Do you really want to use your own DNS servers?
Now, for those of you who are not familiar with the term DNS server let me start with a small explanation…
When you register a domain name you’re basically generating a name which you or other people can use to reach a certain place on the Internet. For example; “www.yourdomain.com” could be pointed to a webserver which hosts your website. “mail.yourdomain.com” could be pointed at a mailserver; a computer which makes sure that you can receive and maybe sent e-mail. Maybe you’d even use GD’s forwarding features so that “chat.mydomain.com” points to one of your social webpages…
But how does this all work? How does your browser know where to go to when you tell it that you wish to see “www.yourdomain.com” ?
The answer is a so called DNS server. DNS stands for ‘Domain Name System’ or ‘Domain Name Server’, it is a way in which names can be translated to computer addresses; the so called IP address. A browser can’t very much with a name, but it sure knows how to put an IP address to good use!
So everything which may be required to know about a domain’s contents is stored in a DNS server which is responsible for that domain.
And this is also why you should be very reluctant with hosting your own DNS server(s). Should something go wrong with your DNS server in any way then it is not unthinkable that people can abuse it to take over your website, e-mail or worse….

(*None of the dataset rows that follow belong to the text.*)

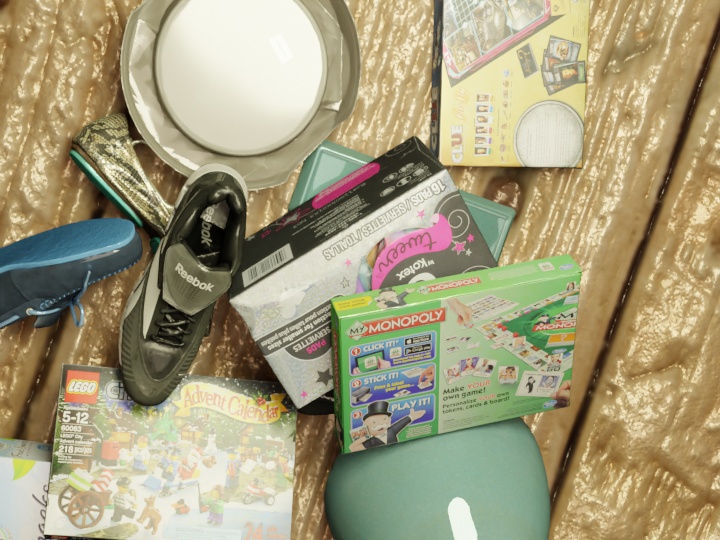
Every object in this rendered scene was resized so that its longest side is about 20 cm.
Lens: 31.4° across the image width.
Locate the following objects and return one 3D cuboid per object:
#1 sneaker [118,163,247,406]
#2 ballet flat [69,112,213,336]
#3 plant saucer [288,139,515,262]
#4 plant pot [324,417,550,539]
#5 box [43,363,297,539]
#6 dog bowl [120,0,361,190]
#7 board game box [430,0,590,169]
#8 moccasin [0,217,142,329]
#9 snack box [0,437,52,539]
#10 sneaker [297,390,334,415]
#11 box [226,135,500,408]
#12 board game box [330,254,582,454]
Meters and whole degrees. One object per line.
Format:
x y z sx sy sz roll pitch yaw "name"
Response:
-0.138 0.013 0.995 0.066 0.090 0.203 22 90 -15 "sneaker"
-0.161 -0.044 1.069 0.075 0.068 0.201 -36 99 -15 "ballet flat"
0.040 -0.052 1.125 0.197 0.019 0.071 19 95 -13 "plant saucer"
0.078 0.226 1.075 0.197 0.135 0.203 -6 123 -10 "plant pot"
-0.153 0.156 1.050 0.197 0.038 0.139 6 73 -11 "box"
-0.100 -0.169 1.062 0.197 0.059 0.203 -2 99 -10 "dog bowl"
0.130 -0.192 1.112 0.133 0.035 0.203 1 98 -10 "board game box"
-0.264 0.012 1.050 0.197 0.081 0.069 -15 115 15 "moccasin"
-0.242 0.240 1.089 0.197 0.068 0.171 7 95 -10 "snack box"
0.030 0.083 1.107 0.197 0.089 0.075 -15 102 -6 "sneaker"
0.000 0.000 1.051 0.198 0.132 0.116 -32 110 2 "box"
0.076 0.067 1.012 0.197 0.029 0.136 -10 123 -13 "board game box"
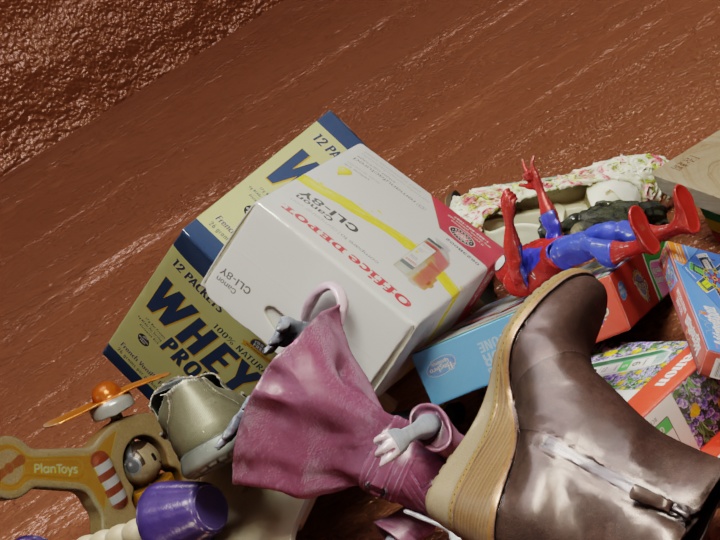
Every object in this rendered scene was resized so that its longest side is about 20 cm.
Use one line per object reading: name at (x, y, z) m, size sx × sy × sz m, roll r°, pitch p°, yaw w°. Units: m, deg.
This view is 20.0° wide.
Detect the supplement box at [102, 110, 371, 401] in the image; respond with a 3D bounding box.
supplement box at (-0.071, 0.014, 1.653) m, size 0.200 × 0.134 × 0.200 m, roll -43°, pitch -5°, yaw -40°

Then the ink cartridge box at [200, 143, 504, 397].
ink cartridge box at (0.000, 0.000, 1.456) m, size 0.083 × 0.145 × 0.200 m, roll -57°, pitch -9°, yaw 25°

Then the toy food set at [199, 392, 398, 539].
toy food set at (-0.060, 0.173, 1.448) m, size 0.143 × 0.060 × 0.200 m, roll -24°, pitch 24°, yaw 34°

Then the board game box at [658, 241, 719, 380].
board game box at (0.252, 0.034, 1.298) m, size 0.103 × 0.019 × 0.200 m, roll 16°, pitch 19°, yaw -4°

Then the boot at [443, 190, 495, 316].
boot at (0.070, -0.007, 1.739) m, size 0.075 × 0.074 × 0.200 m, roll -34°, pitch 17°, yaw 19°

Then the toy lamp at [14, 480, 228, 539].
toy lamp at (-0.172, 0.189, 1.436) m, size 0.200 × 0.058 × 0.058 m, roll -23°, pitch 17°, yaw 37°

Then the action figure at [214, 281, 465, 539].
action figure at (0.015, 0.121, 1.309) m, size 0.134 × 0.200 × 0.149 m, roll -68°, pitch -7°, yaw 33°

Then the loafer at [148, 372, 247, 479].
loafer at (-0.105, 0.101, 1.424) m, size 0.075 × 0.070 × 0.200 m, roll -26°, pitch -2°, yaw -7°

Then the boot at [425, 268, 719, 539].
boot at (0.148, 0.097, 1.208) m, size 0.166 × 0.072 × 0.200 m, roll 14°, pitch 62°, yaw 34°

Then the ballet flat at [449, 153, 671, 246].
ballet flat at (0.166, -0.043, 1.646) m, size 0.200 × 0.076 × 0.064 m, roll -14°, pitch 29°, yaw -3°

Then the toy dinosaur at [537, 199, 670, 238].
toy dinosaur at (0.171, -0.027, 1.552) m, size 0.088 × 0.048 × 0.200 m, roll -16°, pitch 2°, yaw 27°

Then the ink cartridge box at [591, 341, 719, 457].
ink cartridge box at (0.185, 0.092, 1.290) m, size 0.109 × 0.050 × 0.200 m, roll -38°, pitch 18°, yaw -29°

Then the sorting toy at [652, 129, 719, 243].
sorting toy at (0.346, -0.079, 1.489) m, size 0.199 × 0.070 × 0.200 m, roll -31°, pitch 17°, yaw -8°

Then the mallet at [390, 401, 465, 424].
mallet at (-0.013, 0.125, 1.545) m, size 0.200 × 0.041 × 0.066 m, roll -8°, pitch 23°, yaw 41°

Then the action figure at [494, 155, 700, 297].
action figure at (0.140, -0.040, 1.406) m, size 0.065 × 0.099 × 0.200 m, roll -22°, pitch -2°, yaw -31°

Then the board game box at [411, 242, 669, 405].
board game box at (0.136, 0.033, 1.459) m, size 0.153 × 0.040 × 0.200 m, roll -23°, pitch 1°, yaw 21°

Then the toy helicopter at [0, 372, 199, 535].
toy helicopter at (-0.201, 0.140, 1.525) m, size 0.200 × 0.132 × 0.079 m, roll 7°, pitch -13°, yaw -43°

An example.. You registered ‘yourdomain.com’, you also have an e-mail account “firstname.lastname@example.org” and you told your registrant that they can sent any information to this e-mail address.
Because you want much more than GD provides you decide that you setup 2 DNS servers for your domain so that its fully hosted outside GD’s network. So far, so good..
However, as stated above; when an attacker manages to break into your DNS server or worse: finds a flaw which allows him/her to feed your DNS server with falsified information then you’re basically home free.. It wouldn’t be difficult to point your website name (‘www.yourdomain.com’) to something else; now you risk that all your website visitors may now get to see stuff they didn’t ask for, this could cost you visitors!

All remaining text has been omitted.